Amid the chaos of Syria’s long-running civil conflict, Syria’s Kurds have carved out a semi-autonomous area in the country’s northeast.

Turkey’s defence ministry said on Friday that it had launched the new wave of air strikes in retaliation for an attack in Ankara earlier this month that wounded two security personnel.

A branch of the Kurdistan Workers’ Party (PKK)—listed as a terror group by Ankara and its Western allies—claimed responsibility for the first bombing to hit the Turkish capital since 2016.

Turkey launched strikes on PKK positions in northern Iraq hours after the October 1 attack, with foreign minister Hakan Fidan saying days later that the assailants “came from Syria and were trained there.”

The US-backed, Kurdish-led Syrian Democratic Forces spearheaded the battle to dislodge Islamic State group fighters from their last scraps of territory in Syria in 2019.

Turkey views the Kurdish People’s Protection Units that dominate the SDF as an offshoot of the PKK.

The SDF, the Kurds’ de facto army in the northeast, denied that those behind the Ankara attack had passed through the area.

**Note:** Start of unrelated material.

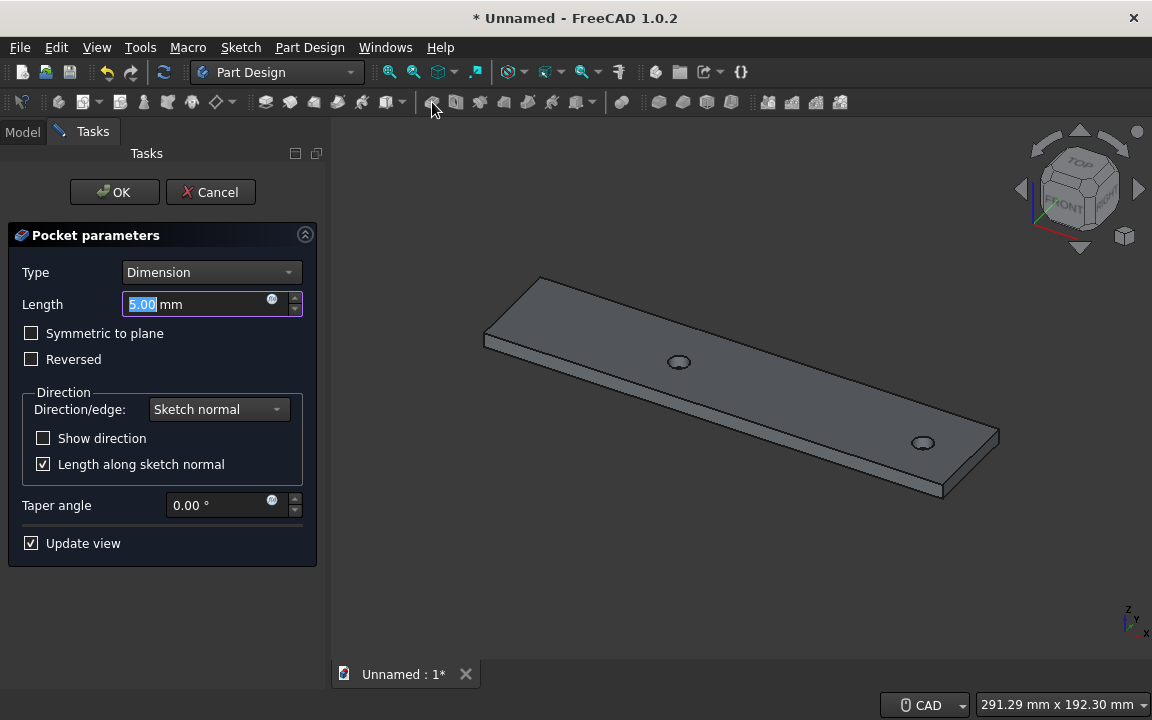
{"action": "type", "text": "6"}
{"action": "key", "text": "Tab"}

Turkish bombings had mostly subsided over the weekend after strikes hit energy infrastructure, including power stations and oil facilities on Thursday and Friday, killing at least 15 security personnel and civilians, according to the Kurdish authorities.

Since 2016, Turkey has carried out successive ground operations to expel Kurdish forces from border areas of northern Syria, and Turkish President Recep Tayyip Erdogan has threatened a new incursion.

Turkey supported early rebel efforts to topple Syrian President Bashar al-Assad, and maintains a military presence in northern stretches of the war-torn country which angers Damascus.

In November last year, Turkey launched air strikes on Kurdish-held areas of Syria and Iraq in response to a bombing in Istanbul that killed six people.

The conflict in Syria has killed more than half a million people since it began in 2011 with a brutal crackdown on anti-government protests, spiraling into a devastating war involving foreign armies, militias and jihadists.